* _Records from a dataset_
---

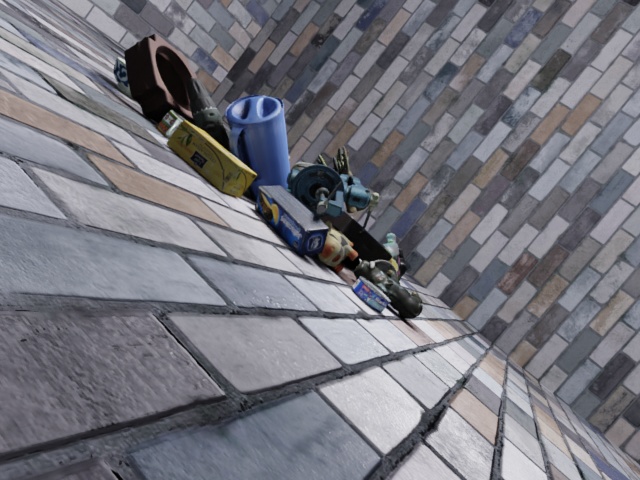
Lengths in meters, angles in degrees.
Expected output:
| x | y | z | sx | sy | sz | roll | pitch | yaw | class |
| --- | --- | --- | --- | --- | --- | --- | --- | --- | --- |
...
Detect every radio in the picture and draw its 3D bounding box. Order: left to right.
| x | y | z | sx | sy | sz | roll | pitch | yaw | class |
| --- | --- | --- | --- | --- | --- | --- | --- | --- | --- |
| 0.094 | -0.008 | 1.487 | 0.229 | 0.073 | 0.131 | 42 | 2 | -44 | radio |

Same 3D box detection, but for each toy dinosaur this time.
| x | y | z | sx | sy | sz | roll | pitch | yaw | class |
| --- | --- | --- | --- | --- | --- | --- | --- | --- | --- |
| 0.056 | -0.167 | 1.590 | 0.471 | 0.105 | 0.198 | 164 | -95 | -81 | toy dinosaur |

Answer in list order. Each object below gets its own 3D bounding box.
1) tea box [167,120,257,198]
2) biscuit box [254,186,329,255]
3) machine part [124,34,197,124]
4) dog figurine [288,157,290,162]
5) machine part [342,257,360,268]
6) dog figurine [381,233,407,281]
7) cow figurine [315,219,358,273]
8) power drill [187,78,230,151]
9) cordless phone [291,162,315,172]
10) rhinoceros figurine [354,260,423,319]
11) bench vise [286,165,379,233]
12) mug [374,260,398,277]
| x | y | z | sx | sy | sz | roll | pitch | yaw | class |
| --- | --- | --- | --- | --- | --- | --- | --- | --- | --- |
| -0.227 | -0.169 | 1.136 | 0.170 | 0.068 | 0.098 | 39 | 6 | 16 | tea box |
| -0.064 | -0.045 | 1.131 | 0.063 | 0.059 | 0.203 | -5 | 33 | -36 | biscuit box |
| -0.382 | -0.380 | 1.327 | 0.201 | 0.087 | 0.201 | 24 | 51 | -66 | machine part |
| -0.138 | -0.160 | 1.607 | 0.173 | 0.121 | 0.190 | 27 | -25 | 35 | dog figurine |
| 0.073 | 0.042 | 1.513 | 0.084 | 0.039 | 0.139 | 49 | 6 | 15 | machine part |
| 0.204 | 0.082 | 1.661 | 0.219 | 0.108 | 0.191 | -76 | 144 | -66 | dog figurine |
| 0.019 | 0.008 | 1.216 | 0.127 | 0.085 | 0.195 | 44 | 8 | -8 | cow figurine |
| -0.252 | -0.264 | 1.327 | 0.207 | 0.086 | 0.232 | 94 | -25 | -81 | power drill |
| -0.080 | -0.153 | 1.495 | 0.184 | 0.146 | 0.089 | 13 | -1 | -37 | cordless phone |
| 0.165 | 0.124 | 1.315 | 0.190 | 0.073 | 0.112 | 40 | 16 | -1 | rhinoceros figurine |
| 0.029 | -0.094 | 1.200 | 0.224 | 0.128 | 0.241 | 26 | 18 | -7 | bench vise |
| 0.166 | 0.100 | 1.432 | 0.109 | 0.081 | 0.107 | 35 | -3 | -4 | mug |
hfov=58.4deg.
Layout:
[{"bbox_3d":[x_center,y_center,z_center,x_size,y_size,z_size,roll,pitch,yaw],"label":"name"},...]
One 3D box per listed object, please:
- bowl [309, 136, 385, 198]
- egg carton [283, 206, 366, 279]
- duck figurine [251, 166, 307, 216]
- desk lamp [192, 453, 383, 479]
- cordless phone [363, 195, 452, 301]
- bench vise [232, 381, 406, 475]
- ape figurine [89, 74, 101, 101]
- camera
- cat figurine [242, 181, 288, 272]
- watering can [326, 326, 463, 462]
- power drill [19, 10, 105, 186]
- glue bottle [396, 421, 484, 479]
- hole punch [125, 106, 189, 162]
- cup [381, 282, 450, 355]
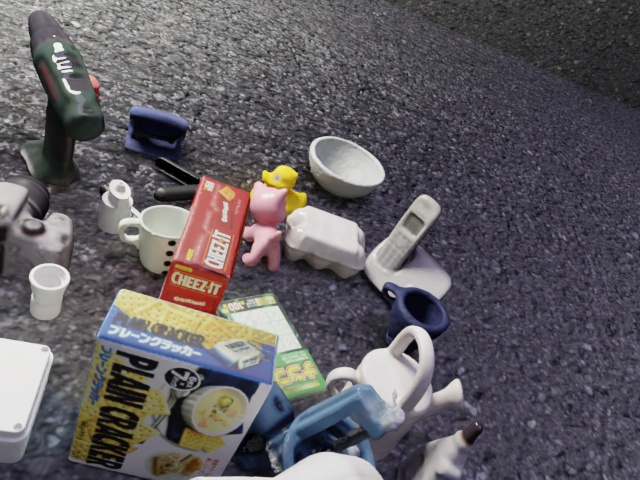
[{"bbox_3d":[0.046,-0.139,1.191,0.168,0.074,0.167,18,37,-14],"label":"bowl"},{"bbox_3d":[0.009,0.004,0.998,0.150,0.069,0.107,19,37,-13],"label":"egg carton"},{"bbox_3d":[-0.068,-0.095,1.054,0.105,0.086,0.077,15,38,-17],"label":"duck figurine"},{"bbox_3d":[-0.065,0.272,0.501,0.204,0.213,0.117,8,40,-25],"label":"desk lamp"},{"bbox_3d":[0.171,0.027,0.975,0.147,0.185,0.094,43,39,19],"label":"cordless phone"},{"bbox_3d":[-0.013,0.208,0.607,0.207,0.219,0.122,31,36,4],"label":"bench vise"},{"bbox_3d":[-0.413,-0.247,1.010,0.076,0.092,0.078,30,36,3],"label":"ape figurine"},{"bbox_3d":[-0.389,-0.028,0.752,0.143,0.100,0.136,17,37,-15],"label":"camera"},{"bbox_3d":[-0.084,-0.032,0.940,0.067,0.117,0.127,9,40,-24],"label":"cat figurine"},{"bbox_3d":[0.098,0.187,0.727,0.173,0.194,0.100,1,44,-32],"label":"watering can"},{"bbox_3d":[-0.398,-0.199,0.863,0.076,0.208,0.229,-12,52,-42],"label":"power drill"},{"bbox_3d":[0.143,0.266,0.678,0.037,0.173,0.078,22,36,-7],"label":"glue bottle"},{"bbox_3d":[-0.297,-0.211,1.042,0.109,0.091,0.101,13,39,-20],"label":"hole punch"},{"bbox_3d":[0.132,0.129,0.904,0.117,0.095,0.092,38,37,14],"label":"cup"}]
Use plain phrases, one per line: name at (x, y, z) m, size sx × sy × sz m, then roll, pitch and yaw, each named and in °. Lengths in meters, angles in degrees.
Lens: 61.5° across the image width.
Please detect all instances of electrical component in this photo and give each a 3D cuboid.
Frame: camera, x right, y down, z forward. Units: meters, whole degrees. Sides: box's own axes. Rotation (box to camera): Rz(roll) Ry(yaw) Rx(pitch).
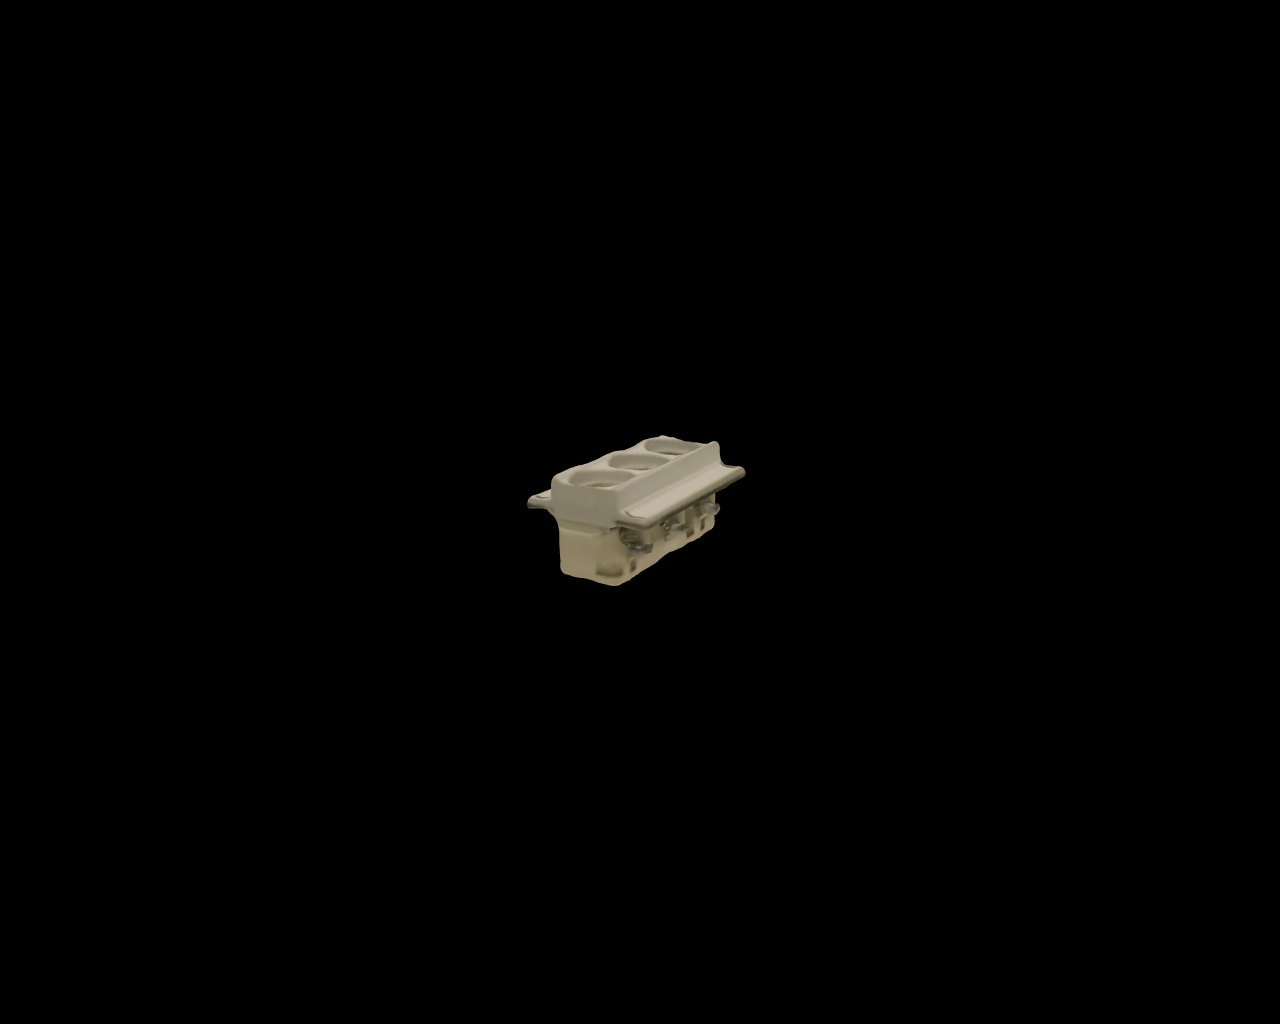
electrical component at (0.001, -0.003, 0.650) m, size 0.079 × 0.063 × 0.121 m, roll 11°, pitch 21°, yaw 30°
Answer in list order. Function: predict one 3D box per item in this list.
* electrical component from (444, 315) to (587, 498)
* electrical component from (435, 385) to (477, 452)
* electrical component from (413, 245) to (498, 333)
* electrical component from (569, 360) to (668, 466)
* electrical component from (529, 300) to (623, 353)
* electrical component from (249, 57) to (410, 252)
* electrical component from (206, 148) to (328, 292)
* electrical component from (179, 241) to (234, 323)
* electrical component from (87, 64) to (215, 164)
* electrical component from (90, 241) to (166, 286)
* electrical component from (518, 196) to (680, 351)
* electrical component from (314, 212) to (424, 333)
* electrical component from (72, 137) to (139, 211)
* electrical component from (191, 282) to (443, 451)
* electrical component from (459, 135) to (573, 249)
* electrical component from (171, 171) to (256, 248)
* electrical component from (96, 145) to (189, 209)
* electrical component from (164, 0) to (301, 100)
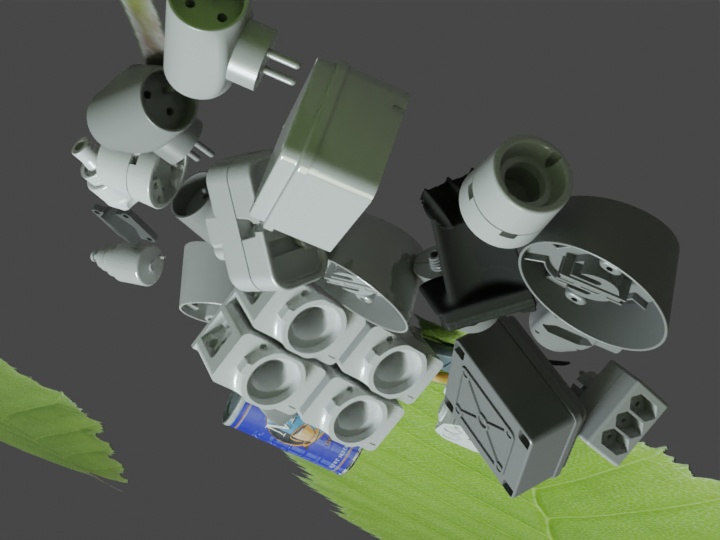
[{"bbox_3d":[0.122,0.110,0.869,0.108,0.056,0.108,55,159,29],"label":"electrical component"},{"bbox_3d":[0.115,0.143,1.048,0.080,0.051,0.080,19,158,8],"label":"electrical component"},{"bbox_3d":[0.071,0.009,0.788,0.043,0.043,0.081,6,154,34],"label":"electrical component"},{"bbox_3d":[0.197,0.108,0.883,0.047,0.065,0.077,38,-178,-34],"label":"electrical component"},{"bbox_3d":[0.168,0.034,0.755,0.079,0.043,0.077,23,158,-3],"label":"electrical component"},{"bbox_3d":[-0.021,-0.068,0.651,0.057,0.078,0.113,22,159,-9],"label":"electrical component"},{"bbox_3d":[-0.068,-0.035,0.752,0.059,0.054,0.095,-2,104,46],"label":"electrical component"},{"bbox_3d":[-0.119,0.018,0.995,0.099,0.064,0.099,8,164,2],"label":"electrical component"},{"bbox_3d":[-0.134,-0.098,0.730,0.079,0.044,0.077,36,154,-32],"label":"electrical component"},{"bbox_3d":[-0.225,-0.009,1.031,0.078,0.040,0.040,9,155,28],"label":"electrical component"},{"bbox_3d":[0.148,0.001,0.667,0.099,0.064,0.099,19,158,8],"label":"electrical component"},{"bbox_3d":[0.000,0.000,0.806,0.099,0.064,0.099,19,158,8],"label":"electrical component"},{"bbox_3d":[-0.196,-0.079,0.838,0.043,0.043,0.062,2,150,41],"label":"electrical component"},{"bbox_3d":[-0.030,0.073,0.901,0.186,0.105,0.060,30,-167,-36],"label":"electrical component"},{"bbox_3d":[0.092,-0.046,0.627,0.055,0.055,0.047,25,155,-7],"label":"electrical component"},{"bbox_3d":[-0.106,-0.038,0.847,0.043,0.043,0.081,3,152,40],"label":"electrical component"},{"bbox_3d":[-0.161,-0.078,0.791,0.047,0.055,0.055,20,159,15],"label":"electrical component"},{"bbox_3d":[-0.071,-0.126,0.606,0.079,0.044,0.077,23,158,-3],"label":"electrical component"}]
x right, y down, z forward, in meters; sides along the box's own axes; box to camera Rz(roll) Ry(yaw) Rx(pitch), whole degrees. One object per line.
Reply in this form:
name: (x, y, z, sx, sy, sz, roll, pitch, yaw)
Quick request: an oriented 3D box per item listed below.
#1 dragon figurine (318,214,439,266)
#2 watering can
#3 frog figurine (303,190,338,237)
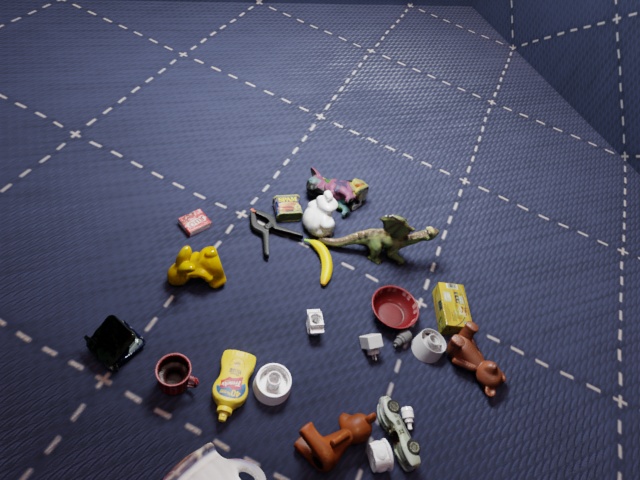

---

* _AIM OF THE EXERCISE_
Give again, exactly, the lines starting at the first entry above and ending at the line with "11) bench vise [286,165,379,233]"; please leave pictures out.

* _OUTPUT OF THE EXERCISE_
Lengths in meters, angles in degrees.
Expected output:
| x | y | z | sx | sy | sz | roll | pitch | yaw | class |
| --- | --- | --- | --- | --- | --- | --- | --- | --- | --- |
...
Detect every radio in the picture and draw its 3D bounding box. Order: left to right.
| x | y | z | sx | sy | sz | roll | pitch | yaw | class |
| --- | --- | --- | --- | --- | --- | --- | --- | --- | --- |
| 0.094 | -0.008 | 1.487 | 0.229 | 0.073 | 0.131 | 42 | 2 | -44 | radio |

Same 3D box detection, but for each toy dinosaur this time.
| x | y | z | sx | sy | sz | roll | pitch | yaw | class |
| --- | --- | --- | --- | --- | --- | --- | --- | --- | --- |
| 0.056 | -0.167 | 1.590 | 0.471 | 0.105 | 0.198 | 164 | -95 | -81 | toy dinosaur |

Answer in list order. Each object below gets its own 3D bounding box.
1) tea box [167,120,257,198]
2) biscuit box [254,186,329,255]
3) machine part [124,34,197,124]
4) dog figurine [288,157,290,162]
5) machine part [342,257,360,268]
6) dog figurine [381,233,407,281]
7) cow figurine [315,219,358,273]
8) power drill [187,78,230,151]
9) cordless phone [291,162,315,172]
10) rhinoceros figurine [354,260,423,319]
11) bench vise [286,165,379,233]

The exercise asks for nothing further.